- **What is required**
Give every line of the data again, unchanged, but with no pictures.

[Stored entries]
==*==
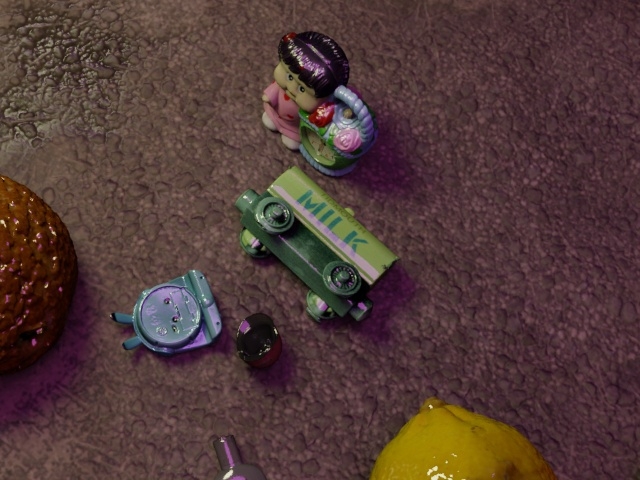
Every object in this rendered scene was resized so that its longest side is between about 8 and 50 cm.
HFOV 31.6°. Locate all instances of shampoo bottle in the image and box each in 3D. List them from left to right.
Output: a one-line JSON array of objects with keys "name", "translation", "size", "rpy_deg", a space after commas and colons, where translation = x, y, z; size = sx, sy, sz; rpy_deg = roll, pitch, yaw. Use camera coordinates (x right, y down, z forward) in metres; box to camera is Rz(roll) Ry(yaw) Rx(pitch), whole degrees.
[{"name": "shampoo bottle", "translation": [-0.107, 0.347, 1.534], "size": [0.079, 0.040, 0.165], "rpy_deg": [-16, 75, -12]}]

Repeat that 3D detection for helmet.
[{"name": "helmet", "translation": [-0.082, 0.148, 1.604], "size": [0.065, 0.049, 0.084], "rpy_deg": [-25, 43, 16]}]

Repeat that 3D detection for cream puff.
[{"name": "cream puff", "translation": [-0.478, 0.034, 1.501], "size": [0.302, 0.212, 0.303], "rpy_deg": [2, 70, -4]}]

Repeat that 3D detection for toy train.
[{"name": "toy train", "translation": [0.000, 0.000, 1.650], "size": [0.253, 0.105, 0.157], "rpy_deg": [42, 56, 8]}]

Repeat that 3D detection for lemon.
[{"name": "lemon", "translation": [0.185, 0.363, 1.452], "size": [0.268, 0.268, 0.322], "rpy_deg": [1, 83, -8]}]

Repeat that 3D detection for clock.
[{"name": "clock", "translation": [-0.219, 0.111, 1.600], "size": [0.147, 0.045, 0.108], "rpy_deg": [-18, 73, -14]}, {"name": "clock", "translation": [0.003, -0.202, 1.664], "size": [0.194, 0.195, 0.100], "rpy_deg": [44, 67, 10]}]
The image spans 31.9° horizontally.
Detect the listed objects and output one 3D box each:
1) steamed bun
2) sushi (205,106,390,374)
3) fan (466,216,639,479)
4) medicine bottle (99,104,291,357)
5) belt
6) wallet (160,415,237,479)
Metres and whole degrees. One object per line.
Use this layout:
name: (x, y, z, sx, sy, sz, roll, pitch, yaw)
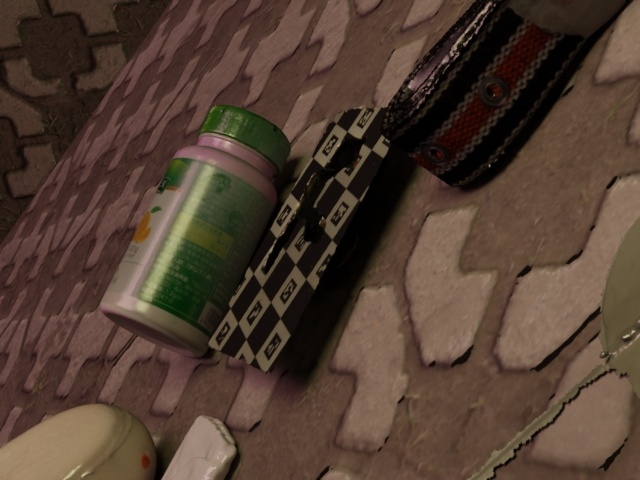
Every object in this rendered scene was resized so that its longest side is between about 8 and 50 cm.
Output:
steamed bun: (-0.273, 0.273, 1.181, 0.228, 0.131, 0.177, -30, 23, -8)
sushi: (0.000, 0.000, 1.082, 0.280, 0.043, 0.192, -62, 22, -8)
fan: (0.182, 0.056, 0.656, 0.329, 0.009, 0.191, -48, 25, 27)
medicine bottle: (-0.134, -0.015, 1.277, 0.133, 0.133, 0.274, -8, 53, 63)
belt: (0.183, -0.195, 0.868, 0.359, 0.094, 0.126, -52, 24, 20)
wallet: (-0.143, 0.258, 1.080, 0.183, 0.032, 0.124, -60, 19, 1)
==*==
- **Worked solution**
Every object in this rendered scene was resized so that its longest side is between about 8 and 50 cm.
HFOV 31.6°. Locate all instances of shampoo bottle in the image and box each in 3D. List them from left to right.
Output: a one-line JSON array of objects with keys "name", "translation", "size", "rpy_deg", a space after commas and colons, where translation = x, y, z; size = sx, sy, sz; rpy_deg = roll, pitch, yaw. Use camera coordinates (x right, y down, z forward) in metres; box to camera is Rz(roll) Ry(yaw) Rx(pitch), whole degrees.
[{"name": "shampoo bottle", "translation": [-0.107, 0.347, 1.534], "size": [0.079, 0.040, 0.165], "rpy_deg": [-16, 75, -12]}]

Repeat that 3D detection for helmet.
[{"name": "helmet", "translation": [-0.082, 0.148, 1.604], "size": [0.065, 0.049, 0.084], "rpy_deg": [-25, 43, 16]}]

Repeat that 3D detection for cream puff.
[{"name": "cream puff", "translation": [-0.478, 0.034, 1.501], "size": [0.302, 0.212, 0.303], "rpy_deg": [2, 70, -4]}]

Repeat that 3D detection for toy train.
[{"name": "toy train", "translation": [0.000, 0.000, 1.650], "size": [0.253, 0.105, 0.157], "rpy_deg": [42, 56, 8]}]

Repeat that 3D detection for lemon.
[{"name": "lemon", "translation": [0.185, 0.363, 1.452], "size": [0.268, 0.268, 0.322], "rpy_deg": [1, 83, -8]}]

Repeat that 3D detection for clock.
[{"name": "clock", "translation": [-0.219, 0.111, 1.600], "size": [0.147, 0.045, 0.108], "rpy_deg": [-18, 73, -14]}, {"name": "clock", "translation": [0.003, -0.202, 1.664], "size": [0.194, 0.195, 0.100], "rpy_deg": [44, 67, 10]}]
The image spans 31.9° horizontally.
Detect the listed objects and output one 3D box each:
1) steamed bun
2) sushi (205,106,390,374)
3) fan (466,216,639,479)
4) medicine bottle (99,104,291,357)
5) belt
6) wallet (160,415,237,479)
Metres and whole degrees. One object per line.
Use this layout:
name: (x, y, z, sx, sy, sz, roll, pitch, yaw)
Every object in this rendered scene was resized so that its longest side is between about 8 and 50 cm.
Output:
steamed bun: (-0.273, 0.273, 1.181, 0.228, 0.131, 0.177, -30, 23, -8)
sushi: (0.000, 0.000, 1.082, 0.280, 0.043, 0.192, -62, 22, -8)
fan: (0.182, 0.056, 0.656, 0.329, 0.009, 0.191, -48, 25, 27)
medicine bottle: (-0.134, -0.015, 1.277, 0.133, 0.133, 0.274, -8, 53, 63)
belt: (0.183, -0.195, 0.868, 0.359, 0.094, 0.126, -52, 24, 20)
wallet: (-0.143, 0.258, 1.080, 0.183, 0.032, 0.124, -60, 19, 1)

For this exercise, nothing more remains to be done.